Bitcoin (BTC) dropped below $30,000 on Friday morning, after ADP Research Institute revealed the strongest one-year growth in the U.S. job sector for the month of June, reaffirming the market’s expectation of an interest rate hike in July.
The U.S. Department of Labor will release the official numbers today.
Per data from CoinGecko, Bitcoin rapidly slipped from its weekly high of $31,248 to a 24-hour low of $29,904 in the early hours of Friday morning, before recovering to its current level of around $30,140, down 1.9% on the day.
Bitcoin’s tumble dragged the rest of the crypto market down, with the total market capitalization of crypto dropping 2.9% to $1.22 trillion.
Ethereum (ETH) lost 2.5% in the last 24 hours to trade at $1,860. Among the top 100 coins by market cap, Pepecoin (PEPE) topped daily losses, dropping 9%.
Another rate hike on the horizon?
ADP’s report showed that America created 497,000 jobs in June—the highest in one year. However, according to a Reuters survey of economists, the expected number of jobs created is 225,000.
The employment report is one of the most crucial factors for the U.S. Federal Reserve in determining their monetary policies besides inflation.
The Fed began its most stringent monetary policy in March 2022 by hiking the benchmark interest from near zero to around 5% by April 2023 to curb inflation.

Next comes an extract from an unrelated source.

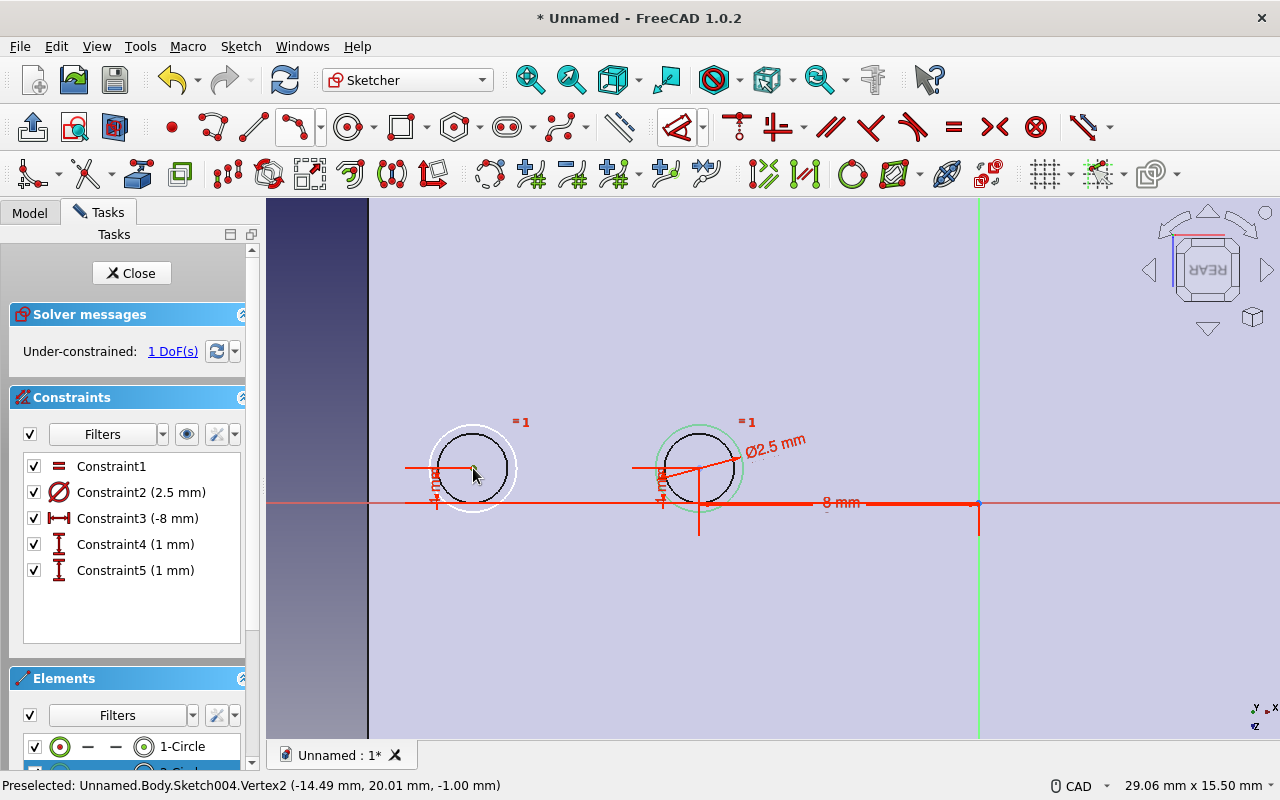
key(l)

Higher interest rates increased the cost of doing business, which restricted growth. Since last year, interest rate hikes have been the most potent catalyst in pulling down the prices of stocks and crypto.

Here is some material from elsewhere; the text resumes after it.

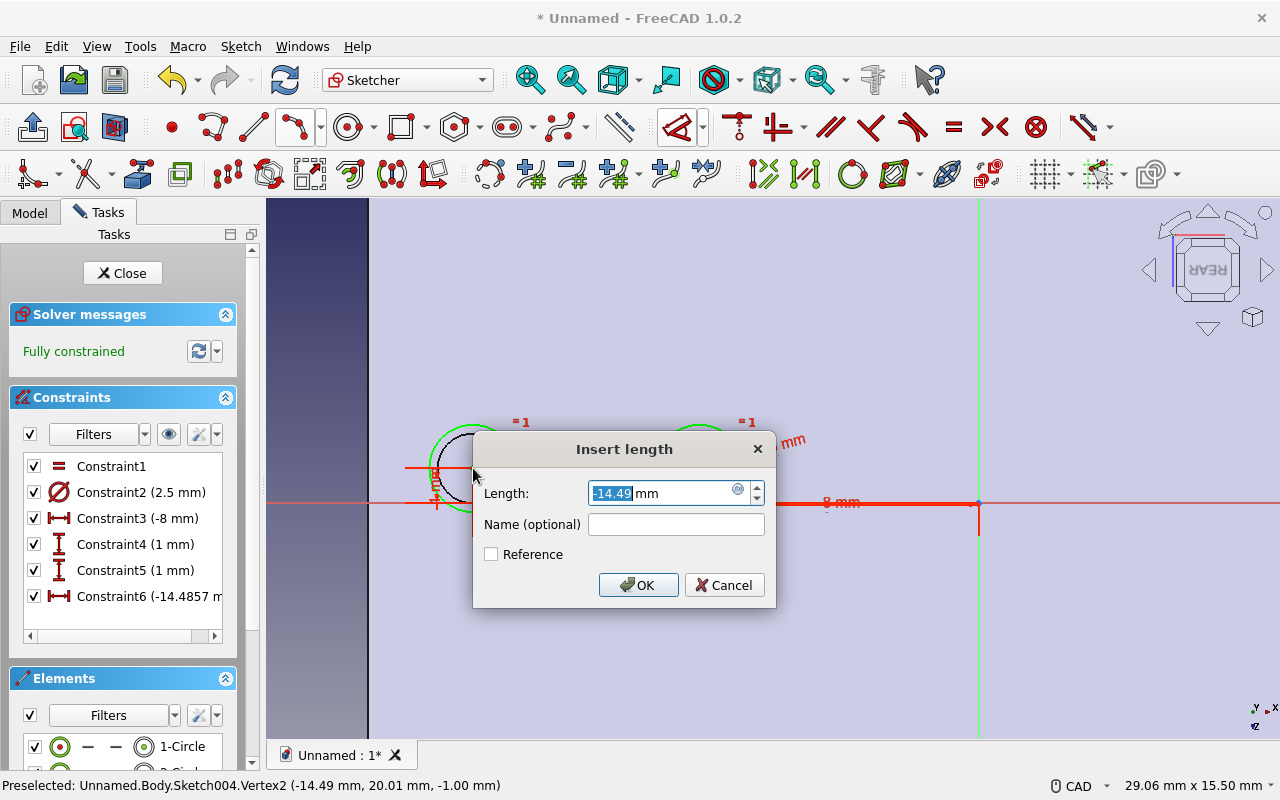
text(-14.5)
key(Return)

Strong job numbers indicate a robust economy, allowing the Fed to hike interest rates further.
Currently, CME’s FedWatch tool shows that the market is placing an 89.9% chance that the Fed will hike its benchmark rate. The Fed is scheduled to meet on July 25 and 26 to decide their policy rate for August.
The stock market also incurred losses yesterday as the tech-heavy Nasdaq index lost 0.86% or 131.4 points, and the S&P 500 index ended the day at a 0.68% loss or 30.3 points lower.
Contrary to the usual trend, the dollar index (DXY), which measures its value against other major currencies, also closed in red yesterday, falling 0.23% to 103.1 points.
The release of June’s inflation numbers on July 12 will also influence the Fed’s decision. The rate of increase in annual inflation eased to 4% in May from its peak of 9.1% in June 2022.